■ AIM OF THE EXERCISE:
When you reach the line containing "12. value of" in the entries below, start writing out each line exactly, and stop after the line containing "Simulink model Subsystem.".

Dataset records

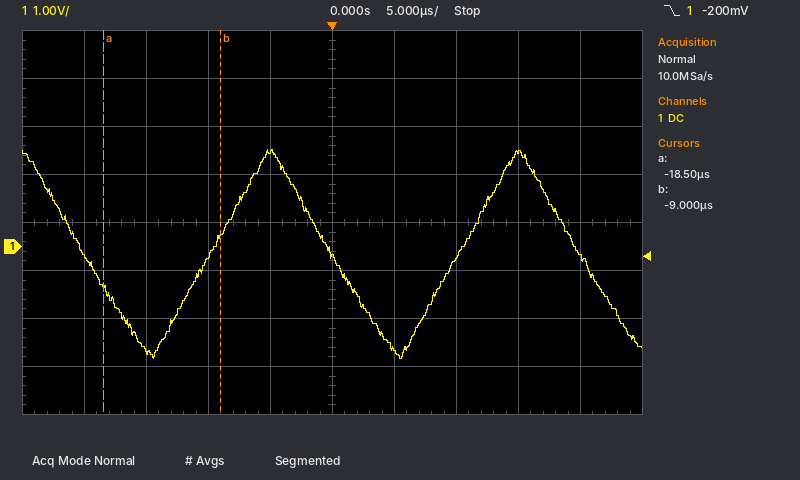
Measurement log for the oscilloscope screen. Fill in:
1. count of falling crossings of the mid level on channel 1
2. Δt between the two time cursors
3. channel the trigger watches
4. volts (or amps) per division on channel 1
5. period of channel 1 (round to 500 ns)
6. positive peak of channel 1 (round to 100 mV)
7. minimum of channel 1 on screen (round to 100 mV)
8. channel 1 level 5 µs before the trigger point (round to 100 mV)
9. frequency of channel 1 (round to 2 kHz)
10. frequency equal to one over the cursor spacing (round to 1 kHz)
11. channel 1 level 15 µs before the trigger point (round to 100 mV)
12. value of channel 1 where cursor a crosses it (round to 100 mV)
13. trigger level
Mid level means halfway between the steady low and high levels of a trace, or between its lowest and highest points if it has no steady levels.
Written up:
3
9.5 µs
channel 1
1 V
20.0 µs
2.0 V
-2.3 V
2.0 V
50 kHz
105 kHz
-2.2 V
-900 mV
-200 mV
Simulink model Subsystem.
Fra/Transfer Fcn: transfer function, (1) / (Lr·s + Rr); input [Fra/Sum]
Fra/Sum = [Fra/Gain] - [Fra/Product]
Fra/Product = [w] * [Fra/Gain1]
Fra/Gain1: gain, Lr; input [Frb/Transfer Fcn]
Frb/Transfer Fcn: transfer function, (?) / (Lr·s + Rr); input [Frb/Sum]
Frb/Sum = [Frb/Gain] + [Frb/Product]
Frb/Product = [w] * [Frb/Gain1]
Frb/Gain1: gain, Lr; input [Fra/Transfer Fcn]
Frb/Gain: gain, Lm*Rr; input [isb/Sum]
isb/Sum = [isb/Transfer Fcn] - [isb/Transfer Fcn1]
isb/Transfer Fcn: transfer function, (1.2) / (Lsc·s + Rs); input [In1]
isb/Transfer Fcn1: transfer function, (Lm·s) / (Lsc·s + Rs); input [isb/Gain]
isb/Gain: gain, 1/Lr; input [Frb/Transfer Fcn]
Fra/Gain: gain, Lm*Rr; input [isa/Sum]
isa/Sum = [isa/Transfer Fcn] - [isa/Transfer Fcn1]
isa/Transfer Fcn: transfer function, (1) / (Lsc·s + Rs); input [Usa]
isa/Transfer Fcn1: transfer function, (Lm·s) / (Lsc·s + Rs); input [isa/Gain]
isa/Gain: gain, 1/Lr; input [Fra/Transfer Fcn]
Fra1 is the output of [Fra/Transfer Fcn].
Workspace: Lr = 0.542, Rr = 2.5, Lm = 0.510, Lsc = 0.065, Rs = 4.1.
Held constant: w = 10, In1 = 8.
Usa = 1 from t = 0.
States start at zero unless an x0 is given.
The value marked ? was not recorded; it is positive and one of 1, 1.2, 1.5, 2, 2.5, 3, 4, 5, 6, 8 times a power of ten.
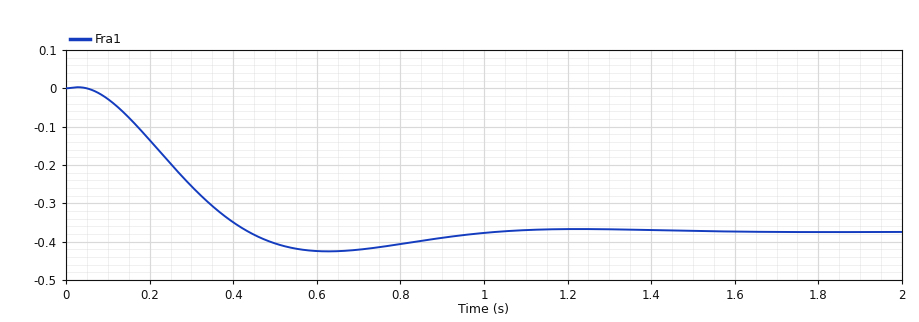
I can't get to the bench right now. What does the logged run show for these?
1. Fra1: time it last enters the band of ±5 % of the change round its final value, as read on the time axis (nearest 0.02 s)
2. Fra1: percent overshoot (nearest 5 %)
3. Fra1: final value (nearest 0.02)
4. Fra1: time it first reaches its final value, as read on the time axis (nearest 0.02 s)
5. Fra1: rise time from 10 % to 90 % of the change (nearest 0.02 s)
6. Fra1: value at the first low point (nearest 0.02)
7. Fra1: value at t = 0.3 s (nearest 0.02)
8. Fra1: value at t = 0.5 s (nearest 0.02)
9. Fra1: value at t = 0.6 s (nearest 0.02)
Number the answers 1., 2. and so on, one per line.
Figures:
1. 0.88 s
2. 15 %
3. -0.38
4. 0.44 s
5. 0.28 s
6. -0.42
7. -0.26
8. -0.40
9. -0.42
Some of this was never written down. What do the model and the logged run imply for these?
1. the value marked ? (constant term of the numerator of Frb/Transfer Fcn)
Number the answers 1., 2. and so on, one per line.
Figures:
1. 0.6
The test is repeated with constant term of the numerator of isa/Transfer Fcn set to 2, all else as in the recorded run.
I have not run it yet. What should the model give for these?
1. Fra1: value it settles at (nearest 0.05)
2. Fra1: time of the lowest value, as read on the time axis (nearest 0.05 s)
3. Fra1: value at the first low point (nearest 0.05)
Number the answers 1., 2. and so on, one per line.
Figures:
1. -0.35
2. 0.65 s
3. -0.40
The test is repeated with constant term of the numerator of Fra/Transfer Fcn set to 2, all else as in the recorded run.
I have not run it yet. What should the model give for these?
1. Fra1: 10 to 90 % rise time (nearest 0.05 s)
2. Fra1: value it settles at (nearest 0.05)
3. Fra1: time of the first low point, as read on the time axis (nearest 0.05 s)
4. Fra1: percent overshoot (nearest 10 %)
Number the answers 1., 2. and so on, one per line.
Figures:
1. 0.20 s
2. -0.45
3. 0.50 s
4. 20 %
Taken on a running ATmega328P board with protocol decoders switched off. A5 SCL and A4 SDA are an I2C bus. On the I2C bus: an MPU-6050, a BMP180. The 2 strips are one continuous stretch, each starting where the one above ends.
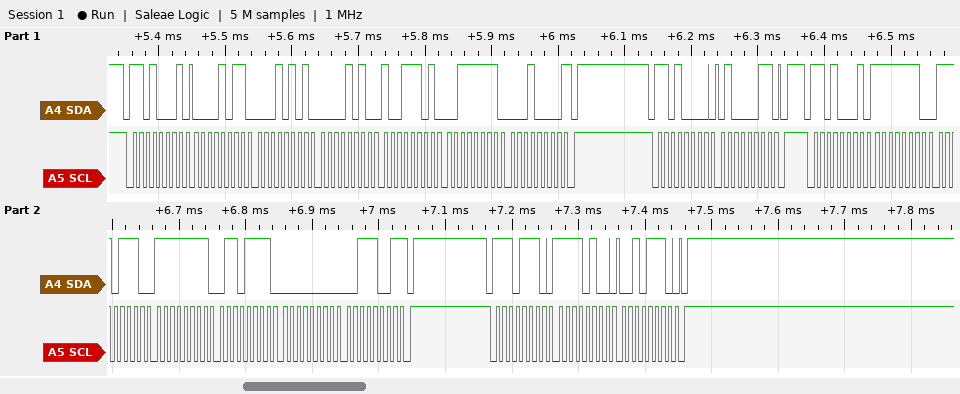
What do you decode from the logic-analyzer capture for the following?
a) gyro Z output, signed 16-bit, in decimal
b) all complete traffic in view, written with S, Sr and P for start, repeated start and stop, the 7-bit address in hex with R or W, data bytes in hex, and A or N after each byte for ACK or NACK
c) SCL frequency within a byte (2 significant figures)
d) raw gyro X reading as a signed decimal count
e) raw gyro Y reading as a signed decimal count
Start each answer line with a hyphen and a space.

- 57
- S 68R A 0B A 15 A 0A A 9D A 3F A 10 N P S 68W A 43 A P S 68R A FE A EE A FF A 6F A 00 A 39 N P S 77W A F4 A 2E A P
- 100 kHz
- -274
- -145
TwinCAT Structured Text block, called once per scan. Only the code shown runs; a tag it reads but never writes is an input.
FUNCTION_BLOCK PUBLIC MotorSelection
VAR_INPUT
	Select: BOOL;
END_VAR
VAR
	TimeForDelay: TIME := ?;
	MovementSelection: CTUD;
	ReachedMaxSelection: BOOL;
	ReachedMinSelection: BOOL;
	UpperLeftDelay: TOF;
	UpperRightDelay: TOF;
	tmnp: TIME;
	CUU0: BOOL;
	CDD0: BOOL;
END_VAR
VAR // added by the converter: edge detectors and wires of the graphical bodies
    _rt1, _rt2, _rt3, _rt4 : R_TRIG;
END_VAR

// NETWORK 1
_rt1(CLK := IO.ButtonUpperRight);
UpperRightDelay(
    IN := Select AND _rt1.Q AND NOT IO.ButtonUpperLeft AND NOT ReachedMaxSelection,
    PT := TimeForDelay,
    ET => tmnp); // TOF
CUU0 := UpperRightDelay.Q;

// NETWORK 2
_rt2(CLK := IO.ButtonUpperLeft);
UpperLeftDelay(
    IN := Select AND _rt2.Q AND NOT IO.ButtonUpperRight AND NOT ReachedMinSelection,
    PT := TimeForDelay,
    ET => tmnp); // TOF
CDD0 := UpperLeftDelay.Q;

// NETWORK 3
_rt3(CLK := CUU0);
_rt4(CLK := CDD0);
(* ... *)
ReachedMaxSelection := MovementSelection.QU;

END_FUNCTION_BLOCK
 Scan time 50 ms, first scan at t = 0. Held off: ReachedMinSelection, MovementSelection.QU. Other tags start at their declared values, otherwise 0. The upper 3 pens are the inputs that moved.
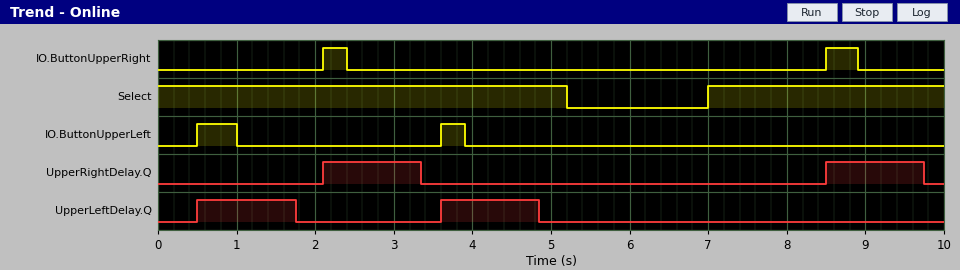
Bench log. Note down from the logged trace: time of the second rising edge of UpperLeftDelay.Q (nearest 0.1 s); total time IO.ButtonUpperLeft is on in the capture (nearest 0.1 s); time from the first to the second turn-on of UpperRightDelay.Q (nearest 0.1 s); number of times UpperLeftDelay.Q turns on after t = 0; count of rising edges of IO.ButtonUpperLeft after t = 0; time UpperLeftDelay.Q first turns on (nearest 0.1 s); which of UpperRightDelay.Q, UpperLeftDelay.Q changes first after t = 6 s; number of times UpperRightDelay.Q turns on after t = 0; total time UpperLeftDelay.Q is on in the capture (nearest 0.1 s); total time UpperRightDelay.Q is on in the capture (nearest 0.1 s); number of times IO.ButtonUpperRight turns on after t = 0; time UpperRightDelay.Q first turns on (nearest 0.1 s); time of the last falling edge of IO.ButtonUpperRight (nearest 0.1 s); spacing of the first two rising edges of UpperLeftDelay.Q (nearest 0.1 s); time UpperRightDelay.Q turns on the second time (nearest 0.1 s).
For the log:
3.6 s
0.8 s
6.4 s
2
2
0.5 s
UpperRightDelay.Q
2
2.5 s
2.5 s
2
2.1 s
8.9 s
3.1 s
8.5 s
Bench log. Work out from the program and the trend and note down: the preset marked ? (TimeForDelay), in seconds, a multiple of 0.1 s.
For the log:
1.2 s
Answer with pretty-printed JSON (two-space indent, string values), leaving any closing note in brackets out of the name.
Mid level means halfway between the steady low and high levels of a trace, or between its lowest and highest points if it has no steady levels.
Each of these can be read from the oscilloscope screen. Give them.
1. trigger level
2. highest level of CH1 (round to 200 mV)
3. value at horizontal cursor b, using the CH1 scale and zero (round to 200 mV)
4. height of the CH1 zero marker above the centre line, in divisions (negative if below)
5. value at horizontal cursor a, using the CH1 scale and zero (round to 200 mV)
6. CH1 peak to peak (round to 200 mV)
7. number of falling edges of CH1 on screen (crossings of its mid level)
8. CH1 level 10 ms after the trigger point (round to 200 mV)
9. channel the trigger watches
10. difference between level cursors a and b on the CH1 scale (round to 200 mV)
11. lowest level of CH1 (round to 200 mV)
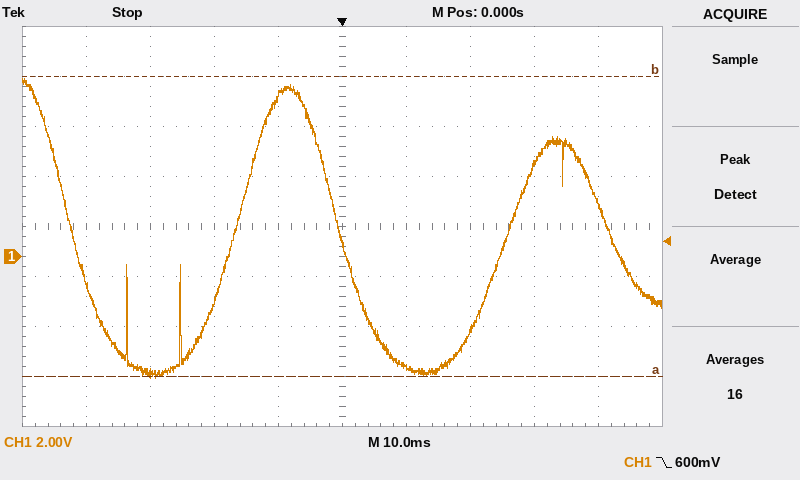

■ RESPONSE BELOW:
12. value of channel 1 where cursor a crosses it (round to 100 mV)
13. trigger level
Mid level means halfway between the steady low and high levels of a trace, or between its lowest and highest points if it has no steady levels.
Written up:
3
9.5 µs
channel 1
1 V
20.0 µs
2.0 V
-2.3 V
2.0 V
50 kHz
105 kHz
-2.2 V
-900 mV
-200 mV
Simulink model Subsystem.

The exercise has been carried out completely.